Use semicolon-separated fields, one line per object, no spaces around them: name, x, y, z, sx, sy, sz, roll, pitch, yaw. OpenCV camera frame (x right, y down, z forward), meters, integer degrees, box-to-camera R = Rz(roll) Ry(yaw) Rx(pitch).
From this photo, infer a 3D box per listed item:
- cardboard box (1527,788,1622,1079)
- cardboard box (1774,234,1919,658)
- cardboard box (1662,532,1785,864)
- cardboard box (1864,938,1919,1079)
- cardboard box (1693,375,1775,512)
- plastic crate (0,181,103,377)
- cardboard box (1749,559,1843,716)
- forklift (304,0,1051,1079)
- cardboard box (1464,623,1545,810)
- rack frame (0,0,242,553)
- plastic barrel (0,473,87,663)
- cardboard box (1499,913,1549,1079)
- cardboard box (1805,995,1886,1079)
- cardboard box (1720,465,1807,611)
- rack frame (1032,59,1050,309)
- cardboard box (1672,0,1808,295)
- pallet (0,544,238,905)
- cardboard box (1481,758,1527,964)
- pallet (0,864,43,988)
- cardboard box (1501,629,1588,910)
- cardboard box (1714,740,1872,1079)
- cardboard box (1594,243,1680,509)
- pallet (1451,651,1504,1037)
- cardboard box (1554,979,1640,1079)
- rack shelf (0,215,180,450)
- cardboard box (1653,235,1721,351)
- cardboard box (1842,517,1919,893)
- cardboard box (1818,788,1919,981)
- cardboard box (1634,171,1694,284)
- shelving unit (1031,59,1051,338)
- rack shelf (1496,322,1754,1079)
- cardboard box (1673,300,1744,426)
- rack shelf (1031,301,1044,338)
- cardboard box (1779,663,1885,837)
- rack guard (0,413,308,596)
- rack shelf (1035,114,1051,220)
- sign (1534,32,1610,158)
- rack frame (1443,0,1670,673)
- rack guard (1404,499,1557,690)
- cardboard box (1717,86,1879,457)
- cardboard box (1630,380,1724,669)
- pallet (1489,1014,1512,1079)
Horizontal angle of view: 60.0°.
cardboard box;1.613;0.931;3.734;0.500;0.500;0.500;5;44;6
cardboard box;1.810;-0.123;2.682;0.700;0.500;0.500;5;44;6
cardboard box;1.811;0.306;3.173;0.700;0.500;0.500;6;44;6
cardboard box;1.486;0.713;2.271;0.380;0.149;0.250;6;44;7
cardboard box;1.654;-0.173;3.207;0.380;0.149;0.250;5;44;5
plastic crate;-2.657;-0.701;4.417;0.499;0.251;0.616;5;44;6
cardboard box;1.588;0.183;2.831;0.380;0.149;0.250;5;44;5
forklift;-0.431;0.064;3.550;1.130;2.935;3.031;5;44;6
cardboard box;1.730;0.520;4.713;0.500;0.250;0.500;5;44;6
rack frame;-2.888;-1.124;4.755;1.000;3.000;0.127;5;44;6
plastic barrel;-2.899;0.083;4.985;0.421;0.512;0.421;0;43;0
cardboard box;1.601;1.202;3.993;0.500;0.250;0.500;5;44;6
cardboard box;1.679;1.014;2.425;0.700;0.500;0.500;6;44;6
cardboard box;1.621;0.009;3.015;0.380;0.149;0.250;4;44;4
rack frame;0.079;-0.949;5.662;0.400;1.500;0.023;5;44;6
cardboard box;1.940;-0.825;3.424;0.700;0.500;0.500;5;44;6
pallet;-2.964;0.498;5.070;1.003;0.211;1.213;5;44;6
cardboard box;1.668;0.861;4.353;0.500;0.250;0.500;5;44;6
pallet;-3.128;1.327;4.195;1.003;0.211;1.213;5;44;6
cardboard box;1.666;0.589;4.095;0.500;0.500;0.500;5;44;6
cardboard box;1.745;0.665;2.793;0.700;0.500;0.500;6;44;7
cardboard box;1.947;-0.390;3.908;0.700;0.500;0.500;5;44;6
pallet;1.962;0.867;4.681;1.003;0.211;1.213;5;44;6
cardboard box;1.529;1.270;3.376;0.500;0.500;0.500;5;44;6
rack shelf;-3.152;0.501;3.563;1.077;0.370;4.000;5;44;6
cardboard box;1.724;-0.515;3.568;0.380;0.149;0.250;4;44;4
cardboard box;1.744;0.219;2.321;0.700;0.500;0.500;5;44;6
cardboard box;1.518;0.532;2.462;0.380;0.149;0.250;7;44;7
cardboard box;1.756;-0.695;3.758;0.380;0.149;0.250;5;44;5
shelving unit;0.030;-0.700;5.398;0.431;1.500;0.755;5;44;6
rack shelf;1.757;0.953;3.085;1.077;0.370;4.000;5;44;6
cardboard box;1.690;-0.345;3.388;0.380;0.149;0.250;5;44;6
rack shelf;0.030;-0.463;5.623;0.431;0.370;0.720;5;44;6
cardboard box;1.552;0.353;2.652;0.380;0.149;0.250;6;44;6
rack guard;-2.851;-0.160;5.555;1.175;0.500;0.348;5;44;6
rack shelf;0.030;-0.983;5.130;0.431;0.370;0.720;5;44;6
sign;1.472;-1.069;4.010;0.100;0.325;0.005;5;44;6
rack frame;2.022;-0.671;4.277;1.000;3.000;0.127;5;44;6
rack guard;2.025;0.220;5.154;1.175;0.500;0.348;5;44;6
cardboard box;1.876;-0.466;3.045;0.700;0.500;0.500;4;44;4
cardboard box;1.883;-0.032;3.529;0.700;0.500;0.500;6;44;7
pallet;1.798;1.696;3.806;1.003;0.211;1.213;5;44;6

§

■ **Exercise requirements**:
Reproduce exactly the lines above from the line with "- cardboard box (1720,465,1807,611)" to the line with "- pallet (1489,1014,1512,1079)", including both, and add nothing.

■ **Task solution**:
- cardboard box (1720,465,1807,611)
- rack frame (1032,59,1050,309)
- cardboard box (1672,0,1808,295)
- pallet (0,544,238,905)
- cardboard box (1481,758,1527,964)
- pallet (0,864,43,988)
- cardboard box (1501,629,1588,910)
- cardboard box (1714,740,1872,1079)
- cardboard box (1594,243,1680,509)
- pallet (1451,651,1504,1037)
- cardboard box (1554,979,1640,1079)
- rack shelf (0,215,180,450)
- cardboard box (1653,235,1721,351)
- cardboard box (1842,517,1919,893)
- cardboard box (1818,788,1919,981)
- cardboard box (1634,171,1694,284)
- shelving unit (1031,59,1051,338)
- rack shelf (1496,322,1754,1079)
- cardboard box (1673,300,1744,426)
- rack shelf (1031,301,1044,338)
- cardboard box (1779,663,1885,837)
- rack guard (0,413,308,596)
- rack shelf (1035,114,1051,220)
- sign (1534,32,1610,158)
- rack frame (1443,0,1670,673)
- rack guard (1404,499,1557,690)
- cardboard box (1717,86,1879,457)
- cardboard box (1630,380,1724,669)
- pallet (1489,1014,1512,1079)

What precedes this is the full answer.